Creating a targeted experience for Immunology research
Using robust visualization tools that promote research and collaboration, the Allen Institute's Immunology team is unlocking the mysteries of the human immune system to make a significant improvement in patients’ health and wellbeing.

To comply with my non-disclosure agreement, I have omitted and / or concealed confidential information in this case study. All information in this case study is my own and does not necessarily reflect the views of the Allen Institute.
Project Summary
The Immunology team at the Allen Institute needed a seasoned UX consultant to envision a scientific research ecosystem to manage and analyze large volumes of data and encourage scientific collaboration on studies. Their flagship product, the "Human Immune System Explorer" (HISE) needed a complete evaluation and overhaul to bring elegance and simplicity to the end-user experience and formulate a powerful product offering.

Deliverable
Starting with a complete evaluation of product capabilities and user objectives, my goal was to use UX principles and best practices to uncover opportunities and facilitate the design of a targeted user experience for HISE - a new to market scientific research platform.
My Role
Although the Allen Institute is a long-standing non-profit organization, their Immunology group was new to the stage. Seeing the job posting for an intense 6-month contract, I could not help but think there was not a better time than the height of a pandemic to build an immunology product that would literally contribute to saving lives!
The product - HISE (Human Immune System Explorer) was conceived to aid Immunologists in uncovering solutions for disease prevention and treatment. My role? Figuring out how to establish a user experience that would align with scientific research trends and provide meaningful insights to scientists in the broader scientific community.

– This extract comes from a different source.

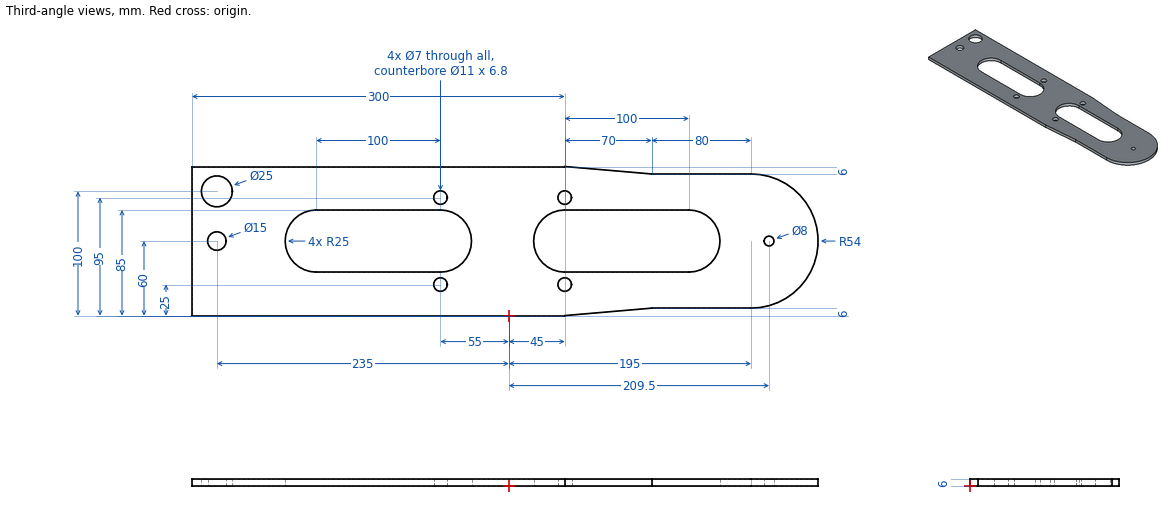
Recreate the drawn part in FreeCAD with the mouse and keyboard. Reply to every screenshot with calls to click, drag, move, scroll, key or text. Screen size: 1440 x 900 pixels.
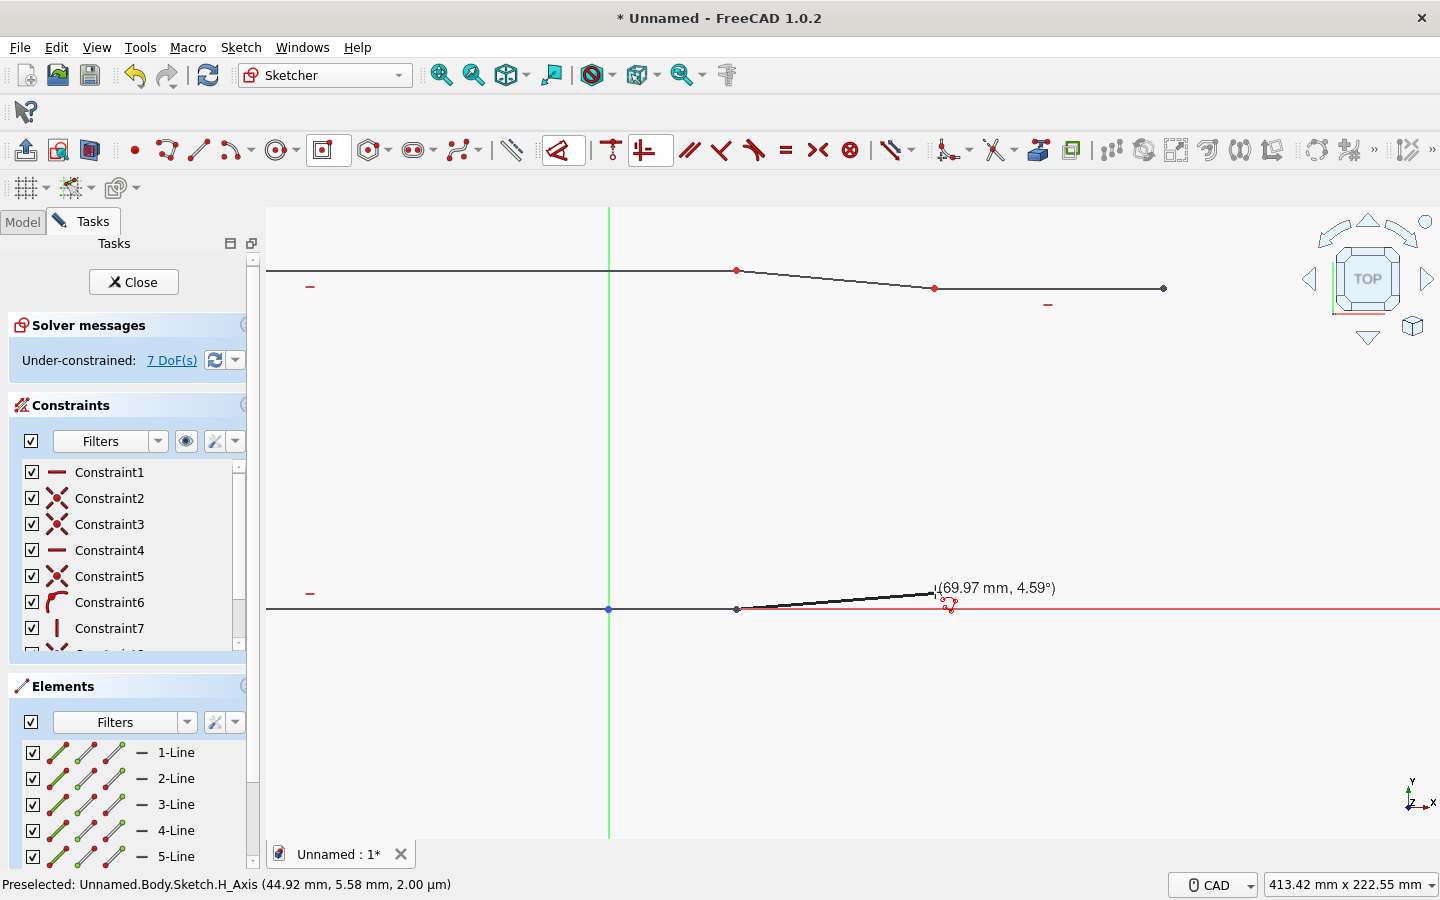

Through the hard work of the Software Team and the Immunology Research Team, the product was already setup to sift through millions of data points and provide the Allen Institute for Immunology and its academic partners with layered access to analyzed results using managed computer environments running Jupyter notebooks. For scientific researchers (the users) this required some level of technical knowledge, including scripting, and could continue to be useful for the institute's more tech savvy users. However, it did not make the product accessible to the broader user base.
In its next evolution, the Institute sought to greatly broaden their audience to include the larger scientific community and the public. For this, a solid a web-based product was needed, with focus on ease of use and accessibility.
WHY does this product matter?
“Understanding the human immune system in detail and figuring out what goes wrong in disease is an incredibly complex but solvable problem” said Allan Jones, Ph.D., President and CEO of the Allen Institute.
HOW does the product address the why?
“By unraveling the mysteries of the dynamic immune system in healthy individuals and focusing the same cutting-edge tools on patients in various disease states, we believe we will find new ways to diagnose and ultimately treat disease… We are looking at problems that have large unmet needs. Patients are not only suffering from these immune-based illnesses, patients are dying from some of these disorders, and we would like to change that.” said Thomas F. Bumol, Ph.D., and Executive Director of AIFI.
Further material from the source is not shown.